Attirés par le prix qu’atteignait le précieux manteau noir et blanc de ces dieux, les tireurs mercenaires venus du monde entier et les fils à demi civilisés de ces mêmes tribus sibériennes qui les révéraient tant ont décimé de façon impressionnante la population de tigres de Sibérie, qui n’était déjà pas bien importante. Les directeurs de zoos, pour lesquels la présence, dans leurs cages, de l’immense félin faisait tellement bonne presse et attirait tant de public, se sont chargés du reste. Aucune législation protectrice n’a pu empêcher le désastre.
Au début du XXIe siècle, les cinquante-quatre tigres de Sibérie restants vivaient en captivité dans les différents parcs zoologiques et réserves privées de la planète. Chacun d’entre eux valait des centaines de milliers de dollars.
Puis le Contact a eu lieu…
Au cours de leur plan de restauration écologique, les xénoïdes ont croisé et cloné habilement les cinquante-quatre survivants, et au bout d’une vingtaine d’années la population de tigres de Sibérie s’élevait à plusieurs milliers. Bien que son patrimoine génétique se soit un peu appauvri, on pouvait considérer l’espèce comme sauvée.
Pourtant, la panthera tigris altaica continue d’avoir le statut d’espèce protégée. Chaque spécimen est soigneusement marqué à la naissance par un transmetteur-localisateur qui permet au département de Sécurité Planétaire de connaître sa position précise et son état de santé seconde par seconde, grâce aux satellites.
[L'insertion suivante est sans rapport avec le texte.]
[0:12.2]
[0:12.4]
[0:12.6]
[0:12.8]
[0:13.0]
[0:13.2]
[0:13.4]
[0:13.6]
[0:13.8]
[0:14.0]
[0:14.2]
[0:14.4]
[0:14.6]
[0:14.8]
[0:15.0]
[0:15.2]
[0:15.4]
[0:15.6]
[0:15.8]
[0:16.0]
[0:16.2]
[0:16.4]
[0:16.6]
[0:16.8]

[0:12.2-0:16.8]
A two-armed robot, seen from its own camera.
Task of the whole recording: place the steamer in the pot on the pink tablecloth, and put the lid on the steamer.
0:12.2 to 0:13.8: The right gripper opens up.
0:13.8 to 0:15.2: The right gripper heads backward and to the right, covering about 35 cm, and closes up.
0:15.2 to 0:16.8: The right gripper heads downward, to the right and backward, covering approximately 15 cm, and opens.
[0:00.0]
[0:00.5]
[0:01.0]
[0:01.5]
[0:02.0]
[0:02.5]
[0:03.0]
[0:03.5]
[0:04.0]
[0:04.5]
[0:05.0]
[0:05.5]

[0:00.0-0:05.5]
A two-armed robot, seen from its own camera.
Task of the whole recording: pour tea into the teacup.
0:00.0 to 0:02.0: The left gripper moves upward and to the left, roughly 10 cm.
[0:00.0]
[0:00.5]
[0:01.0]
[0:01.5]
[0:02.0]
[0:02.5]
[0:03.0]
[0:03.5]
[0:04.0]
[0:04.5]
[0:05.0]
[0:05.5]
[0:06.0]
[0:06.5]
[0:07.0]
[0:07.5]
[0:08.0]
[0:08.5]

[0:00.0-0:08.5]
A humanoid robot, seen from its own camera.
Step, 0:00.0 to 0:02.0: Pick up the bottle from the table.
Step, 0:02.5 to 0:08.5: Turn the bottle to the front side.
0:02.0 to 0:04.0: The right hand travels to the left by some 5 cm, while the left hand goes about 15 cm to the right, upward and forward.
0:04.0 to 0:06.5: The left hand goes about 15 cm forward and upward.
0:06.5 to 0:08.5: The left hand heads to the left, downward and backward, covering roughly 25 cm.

Et tant pis pour l’humain qui se risquerait à chasser l’un des précieux tigres blancs ! La sanction minimale, si l’on prouve qu’il existe des circonstances atténuantes comme l’auto-défense, est de deux années en reconditionnement corporel.
Les éleveurs locaux de rennes ont appris à tolérer les déprédations constantes de la surpopulation de grands félins comme un mal nécessaire. Ils s’arrangent pour ne pas conduire leurs troupeaux sur les zones de chasse des tigres et calculent une certaine marge de pertes en têtes de bétail qui seront inévitablement tuées.